SLES11SP2 with OES11SP1 with kernel 3.0.42-0.7-default hangs at loading novell-nss

  • 7011339
  • 09-Nov-2012
  • 19-Nov-2012

Environment

SUSE Linux Enterprise Server 11 Service Pack 2
Novell Open Enterprise Server 11 (OES 11) Linux Support Pack 1

Situation

When running Novell Open Enterprise Server 11 Service Pack 1 (OES11 SP1) servers with NSS pools and software mirroring active (NSS Raid 1 or NSS Raid 5, or SBD mirroring) and patching the server with the latest available patches available in the public patch catalogs, a change in the latest SLES11 SP2 kernel module that will be installed ('kernel 3.0.42') prevents the OES11 SP1 server from booting beyond the point where 'novell-nss' is started.

This problem exists on all servers with the given kernel version using NSS mirroring (RAID 1).

In addition, when performing a NSS 'pool move' action on a server with the problematic kernel, this will lead to a kernel crash.

Resolution

This is a top issue for Novell to resolve, and a solution is currently work in progress.

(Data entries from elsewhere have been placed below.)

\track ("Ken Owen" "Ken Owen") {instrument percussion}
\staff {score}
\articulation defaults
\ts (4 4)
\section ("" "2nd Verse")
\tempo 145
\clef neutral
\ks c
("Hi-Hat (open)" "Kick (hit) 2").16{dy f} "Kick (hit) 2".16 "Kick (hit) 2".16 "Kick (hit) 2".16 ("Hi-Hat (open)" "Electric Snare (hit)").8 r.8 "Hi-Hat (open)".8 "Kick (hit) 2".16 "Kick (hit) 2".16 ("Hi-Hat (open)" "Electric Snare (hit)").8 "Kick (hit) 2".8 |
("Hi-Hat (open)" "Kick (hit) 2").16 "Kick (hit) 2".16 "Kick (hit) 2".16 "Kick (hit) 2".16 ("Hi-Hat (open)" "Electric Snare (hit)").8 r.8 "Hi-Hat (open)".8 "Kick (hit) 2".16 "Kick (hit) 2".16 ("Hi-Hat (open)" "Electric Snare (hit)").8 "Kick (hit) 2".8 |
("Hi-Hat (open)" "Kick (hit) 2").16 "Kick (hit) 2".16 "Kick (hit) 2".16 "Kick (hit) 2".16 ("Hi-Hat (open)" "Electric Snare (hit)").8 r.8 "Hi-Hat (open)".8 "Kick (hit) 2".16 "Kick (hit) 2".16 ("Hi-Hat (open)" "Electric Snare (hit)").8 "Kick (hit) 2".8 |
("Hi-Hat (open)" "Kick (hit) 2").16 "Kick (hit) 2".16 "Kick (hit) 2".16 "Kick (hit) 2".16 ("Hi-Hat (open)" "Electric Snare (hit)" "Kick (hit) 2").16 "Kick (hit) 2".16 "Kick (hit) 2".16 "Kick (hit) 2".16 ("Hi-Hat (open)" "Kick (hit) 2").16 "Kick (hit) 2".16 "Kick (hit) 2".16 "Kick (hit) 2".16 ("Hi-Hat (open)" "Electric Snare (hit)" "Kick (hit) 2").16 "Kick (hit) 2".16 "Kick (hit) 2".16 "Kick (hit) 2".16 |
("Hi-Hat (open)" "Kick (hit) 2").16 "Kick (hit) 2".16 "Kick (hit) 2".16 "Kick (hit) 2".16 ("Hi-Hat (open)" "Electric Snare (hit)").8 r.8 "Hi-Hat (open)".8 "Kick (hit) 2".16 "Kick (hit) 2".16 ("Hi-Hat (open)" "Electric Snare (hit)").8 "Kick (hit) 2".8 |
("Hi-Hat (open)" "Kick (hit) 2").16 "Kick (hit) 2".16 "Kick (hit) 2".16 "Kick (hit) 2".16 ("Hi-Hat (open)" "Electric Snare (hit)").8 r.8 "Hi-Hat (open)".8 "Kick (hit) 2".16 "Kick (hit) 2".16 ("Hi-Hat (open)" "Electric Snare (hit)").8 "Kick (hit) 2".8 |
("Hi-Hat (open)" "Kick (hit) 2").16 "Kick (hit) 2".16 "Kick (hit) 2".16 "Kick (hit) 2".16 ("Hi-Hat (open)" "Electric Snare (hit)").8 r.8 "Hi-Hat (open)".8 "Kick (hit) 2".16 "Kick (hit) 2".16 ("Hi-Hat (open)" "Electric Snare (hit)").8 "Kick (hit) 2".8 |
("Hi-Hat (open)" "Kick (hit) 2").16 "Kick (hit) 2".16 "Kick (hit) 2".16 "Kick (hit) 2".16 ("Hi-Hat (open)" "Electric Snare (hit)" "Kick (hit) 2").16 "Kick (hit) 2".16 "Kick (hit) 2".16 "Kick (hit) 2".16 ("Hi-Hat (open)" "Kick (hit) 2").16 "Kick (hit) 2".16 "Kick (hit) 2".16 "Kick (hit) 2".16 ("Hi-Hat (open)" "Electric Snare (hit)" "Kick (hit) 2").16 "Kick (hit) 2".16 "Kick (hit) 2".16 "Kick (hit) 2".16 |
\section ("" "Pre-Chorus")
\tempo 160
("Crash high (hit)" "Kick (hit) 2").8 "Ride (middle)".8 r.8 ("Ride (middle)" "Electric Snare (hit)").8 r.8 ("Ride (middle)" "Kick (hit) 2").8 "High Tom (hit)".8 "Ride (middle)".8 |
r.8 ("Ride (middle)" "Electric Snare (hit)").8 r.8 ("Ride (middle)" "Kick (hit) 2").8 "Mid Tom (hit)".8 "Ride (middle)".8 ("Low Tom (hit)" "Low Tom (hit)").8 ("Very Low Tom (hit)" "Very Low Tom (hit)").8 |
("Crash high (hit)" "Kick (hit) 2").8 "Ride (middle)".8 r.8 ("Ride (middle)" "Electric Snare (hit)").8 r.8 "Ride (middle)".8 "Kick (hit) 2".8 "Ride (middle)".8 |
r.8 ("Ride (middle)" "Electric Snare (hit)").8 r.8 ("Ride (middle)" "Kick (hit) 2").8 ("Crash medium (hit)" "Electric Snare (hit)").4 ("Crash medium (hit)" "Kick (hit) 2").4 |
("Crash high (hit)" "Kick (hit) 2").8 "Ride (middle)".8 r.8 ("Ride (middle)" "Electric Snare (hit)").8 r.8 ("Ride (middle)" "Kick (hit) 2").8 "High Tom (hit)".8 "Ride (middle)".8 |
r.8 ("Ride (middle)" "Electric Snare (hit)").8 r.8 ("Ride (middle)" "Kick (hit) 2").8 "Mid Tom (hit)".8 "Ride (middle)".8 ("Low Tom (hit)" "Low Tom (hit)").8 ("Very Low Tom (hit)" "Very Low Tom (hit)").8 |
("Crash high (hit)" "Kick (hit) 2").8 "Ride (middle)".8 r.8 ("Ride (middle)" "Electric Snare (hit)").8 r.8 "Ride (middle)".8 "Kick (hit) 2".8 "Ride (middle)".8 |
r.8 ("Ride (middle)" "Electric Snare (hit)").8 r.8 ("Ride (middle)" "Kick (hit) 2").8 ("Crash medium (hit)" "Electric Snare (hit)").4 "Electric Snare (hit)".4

As a work around, there are temporarily two methods :
- Wait with applying any upgrades from the public patch catalogs if NSS Raid 1 exists on the server and there's no absolute requirement to apply patches.
When there is a requirement to apply patches to the server, but no need to apply the problematic kernel, please see the 'Additional information' section below on how to configure zypper to not install the kernel that exposes this problem.

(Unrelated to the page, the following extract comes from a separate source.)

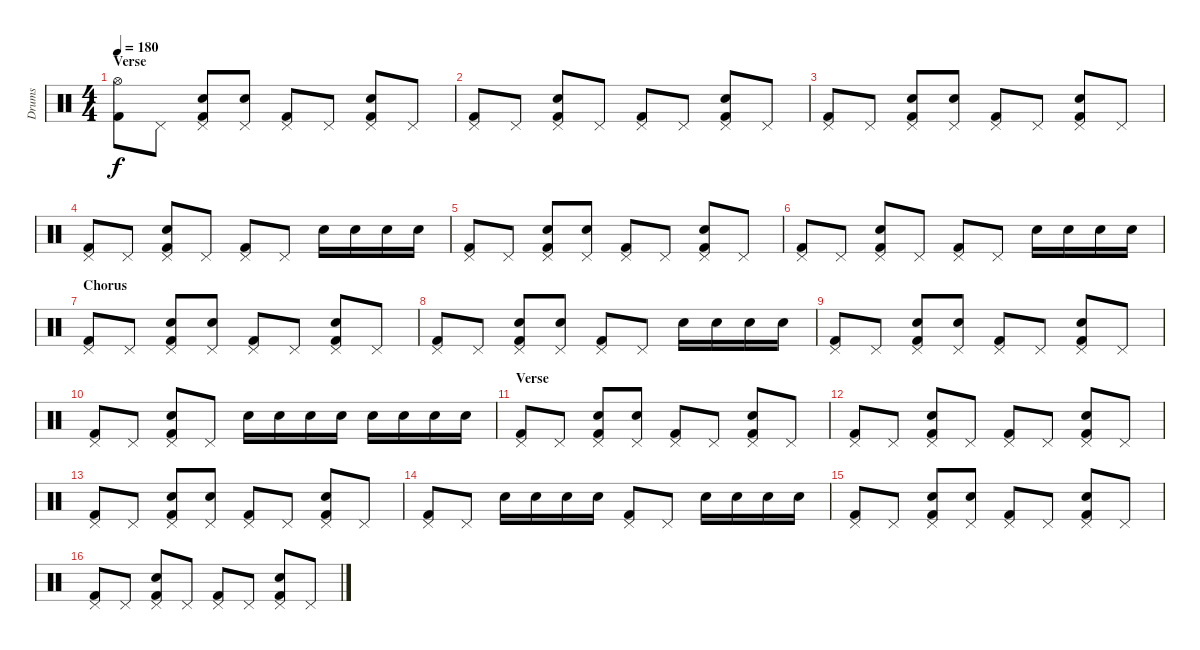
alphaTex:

- When already patched, and the server does no longer boot, it is possible to perform a kernel downgrade from problematic kernel 3.0.42 to kernel 3.0.38 which is not affected by this problem. There may however possibly be errors or side effects with other kernel related modules.

- Log a Service Request with Novell Technical Support to request, refer to this TID and request an FTF that has resolved the problem in testing environments.
This FTF has  just been delivered and not yet been released to the public. It is currently undergoing QA testing, but is confirmed to resolve the problem in problem duplication environments.

Cause

A change that was made to the kernel below is causing the problem for NSS :

- patches.fixes/block-introduce-blk_set_stacking_limits-function:
block: Introduce blk_set_stacking_limits function.

Additional Information

It seems that with this scenario, where servers not properly booting after the update, the best advice would currently be to wait with patching the SLES11 SP2 / OES11 SP1 server, if the OES11 SP1 server has any form of either NSS or SBD mirroring, or NSS RAID5 active.

If this applies to the configuration, please *do not* update the machine until this problem has been resolved.
To make sure there will be no accidental kernel upgrade when other administrators may possible also operate the server, there's a possibility to exclude the kernel upgrade using zypper.

'man zypper' has a help section on how to prevent certain packages from being upgraded.

<snip/>
Package Locks Management

Package  locks  serve  the  purpose  of  preventing changes to the set of installed packages on the system. The locks are stored in form of a query in /etc/zypp/locks file (see also locks(5)).  Packages matching this query are then forbidden to change their installed status; an installed package can't be removed, not installed package can't be installed.   When requesting to install or remove such locked package, you will get a dependency problem dialog.


locks (ll)
              List currently active package locks.


addlock (al) [options] <package-name> ...
              Add a package lock. Specify packages to lock by exact name or by a glob pattern using '*' and '?'  wildcard characters.


       -r, --repo <alias|name|#|URI>
              Restrict the lock to the specified repository.

       -t, --type <type>
              Lock only packages of specified type (default: package).  See section Package Types for list of available package types.


removelock (rl) [options] <lock-number|package-name> ...
              Remove specified package lock. Specify the lock to remove by its number obtained with zypper locks or by the package name.


       -r, --repo <alias|name|#|URI>
              Restrict the lock to the specified repository.

       -t, --type <type>
              Restrict the lock to packages of specified type (default: package).  See section Package Types for list of available package types.



cleanlocks (cl)
              Remove unused locks.

This command looks for locks that do not currently (with regard to repositories used) lock any package and for each such lock it asks user whether to remove it.
</snip>

As such, configuring  an exclusion for the kernel using 'zypper addlock kernel*' will no longer list the kernel update as available patch when using the 'zypper lu' command. When ex exclusion is made, this is update in '/etc/zypp/locks' . Please make sure to clean this up and do not leave items here as it will influence future patching behavior.

Once the solution has been made available to the public patch catalogs, this self-imposed restriction can be eliminated, and the server can be patched with the latest kernel.